**Task prompt:** Start to finish, write out the entries exactly, leaving the pictures aside.

⁂

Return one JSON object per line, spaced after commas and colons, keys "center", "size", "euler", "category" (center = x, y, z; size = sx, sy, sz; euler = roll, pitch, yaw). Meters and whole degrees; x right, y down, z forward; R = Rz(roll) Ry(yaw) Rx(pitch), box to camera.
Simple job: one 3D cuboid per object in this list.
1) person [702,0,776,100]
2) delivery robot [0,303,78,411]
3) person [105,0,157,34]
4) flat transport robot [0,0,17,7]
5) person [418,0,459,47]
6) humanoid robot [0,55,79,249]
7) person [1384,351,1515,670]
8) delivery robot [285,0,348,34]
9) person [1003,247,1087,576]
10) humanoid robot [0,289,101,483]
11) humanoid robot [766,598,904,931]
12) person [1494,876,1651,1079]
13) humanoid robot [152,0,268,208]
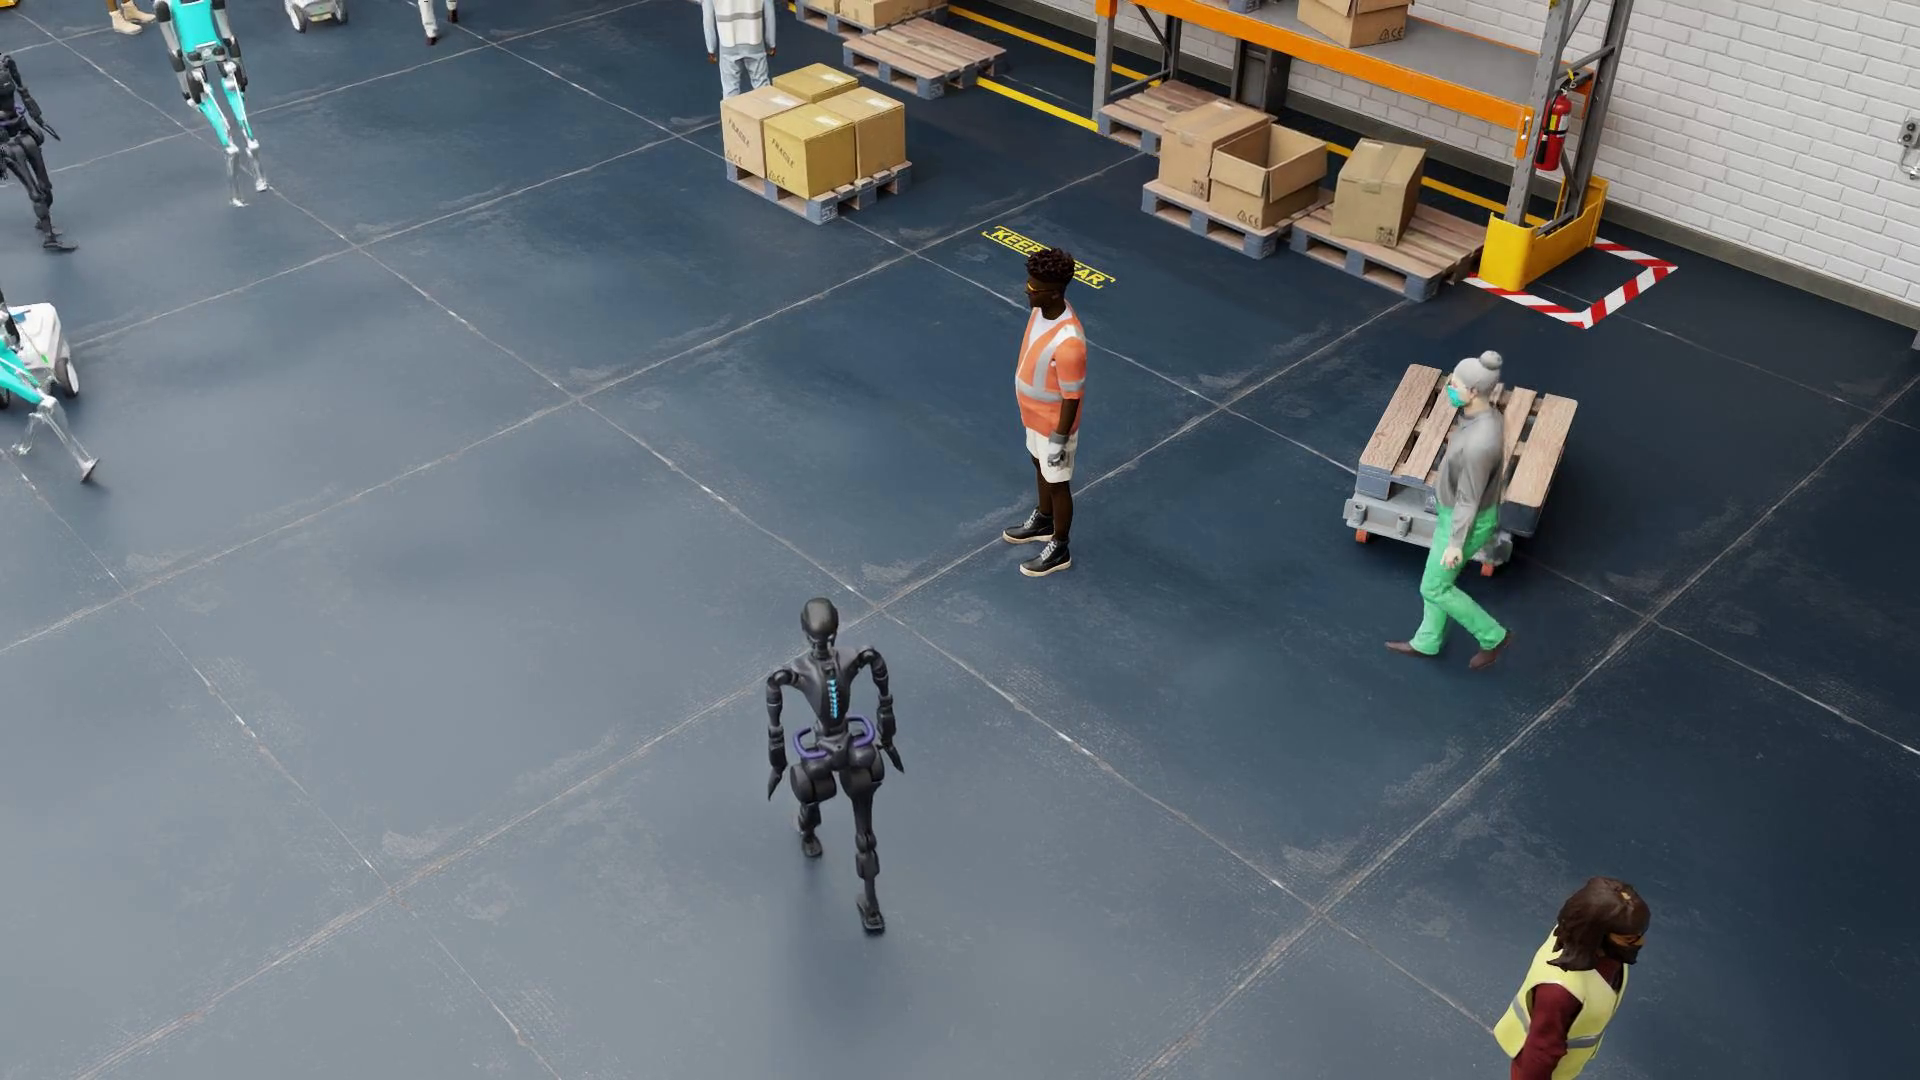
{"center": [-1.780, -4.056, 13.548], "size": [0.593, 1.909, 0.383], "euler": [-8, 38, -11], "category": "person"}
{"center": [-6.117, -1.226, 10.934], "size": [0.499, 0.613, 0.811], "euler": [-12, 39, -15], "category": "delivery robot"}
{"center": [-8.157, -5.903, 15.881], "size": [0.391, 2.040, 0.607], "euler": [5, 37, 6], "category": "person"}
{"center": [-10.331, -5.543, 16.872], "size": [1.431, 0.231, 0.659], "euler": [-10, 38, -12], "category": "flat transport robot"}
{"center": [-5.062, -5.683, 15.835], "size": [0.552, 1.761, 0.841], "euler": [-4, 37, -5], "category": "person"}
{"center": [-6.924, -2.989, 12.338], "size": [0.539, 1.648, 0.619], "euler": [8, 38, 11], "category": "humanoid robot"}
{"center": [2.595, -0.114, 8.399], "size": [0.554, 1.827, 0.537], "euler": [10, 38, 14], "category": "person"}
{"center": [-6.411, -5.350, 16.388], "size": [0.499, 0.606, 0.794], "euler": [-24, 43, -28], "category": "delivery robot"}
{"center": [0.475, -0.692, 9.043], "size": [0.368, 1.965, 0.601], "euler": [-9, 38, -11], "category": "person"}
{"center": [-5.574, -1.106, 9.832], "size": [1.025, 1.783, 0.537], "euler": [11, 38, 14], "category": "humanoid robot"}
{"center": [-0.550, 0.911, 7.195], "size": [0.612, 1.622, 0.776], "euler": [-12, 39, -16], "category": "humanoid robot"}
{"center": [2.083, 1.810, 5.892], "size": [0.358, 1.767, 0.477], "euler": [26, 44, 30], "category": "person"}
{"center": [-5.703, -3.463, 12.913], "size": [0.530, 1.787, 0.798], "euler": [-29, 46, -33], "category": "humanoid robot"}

⁂

**Exercise solution:**
Return one JSON object per line, spaced after commas and colons, keys "center", "size", "euler", "category" (center = x, y, z; size = sx, sy, sz; euler = roll, pitch, yaw). Meters and whole degrees; x right, y down, z forward; R = Rz(roll) Ry(yaw) Rx(pitch), box to camera.
Simple job: one 3D cuboid per object in this list.
1) person [702,0,776,100]
2) delivery robot [0,303,78,411]
3) person [105,0,157,34]
4) flat transport robot [0,0,17,7]
5) person [418,0,459,47]
6) humanoid robot [0,55,79,249]
7) person [1384,351,1515,670]
8) delivery robot [285,0,348,34]
9) person [1003,247,1087,576]
10) humanoid robot [0,289,101,483]
11) humanoid robot [766,598,904,931]
12) person [1494,876,1651,1079]
13) humanoid robot [152,0,268,208]
{"center": [-1.780, -4.056, 13.548], "size": [0.593, 1.909, 0.383], "euler": [-8, 38, -11], "category": "person"}
{"center": [-6.117, -1.226, 10.934], "size": [0.499, 0.613, 0.811], "euler": [-12, 39, -15], "category": "delivery robot"}
{"center": [-8.157, -5.903, 15.881], "size": [0.391, 2.040, 0.607], "euler": [5, 37, 6], "category": "person"}
{"center": [-10.331, -5.543, 16.872], "size": [1.431, 0.231, 0.659], "euler": [-10, 38, -12], "category": "flat transport robot"}
{"center": [-5.062, -5.683, 15.835], "size": [0.552, 1.761, 0.841], "euler": [-4, 37, -5], "category": "person"}
{"center": [-6.924, -2.989, 12.338], "size": [0.539, 1.648, 0.619], "euler": [8, 38, 11], "category": "humanoid robot"}
{"center": [2.595, -0.114, 8.399], "size": [0.554, 1.827, 0.537], "euler": [10, 38, 14], "category": "person"}
{"center": [-6.411, -5.350, 16.388], "size": [0.499, 0.606, 0.794], "euler": [-24, 43, -28], "category": "delivery robot"}
{"center": [0.475, -0.692, 9.043], "size": [0.368, 1.965, 0.601], "euler": [-9, 38, -11], "category": "person"}
{"center": [-5.574, -1.106, 9.832], "size": [1.025, 1.783, 0.537], "euler": [11, 38, 14], "category": "humanoid robot"}
{"center": [-0.550, 0.911, 7.195], "size": [0.612, 1.622, 0.776], "euler": [-12, 39, -16], "category": "humanoid robot"}
{"center": [2.083, 1.810, 5.892], "size": [0.358, 1.767, 0.477], "euler": [26, 44, 30], "category": "person"}
{"center": [-5.703, -3.463, 12.913], "size": [0.530, 1.787, 0.798], "euler": [-29, 46, -33], "category": "humanoid robot"}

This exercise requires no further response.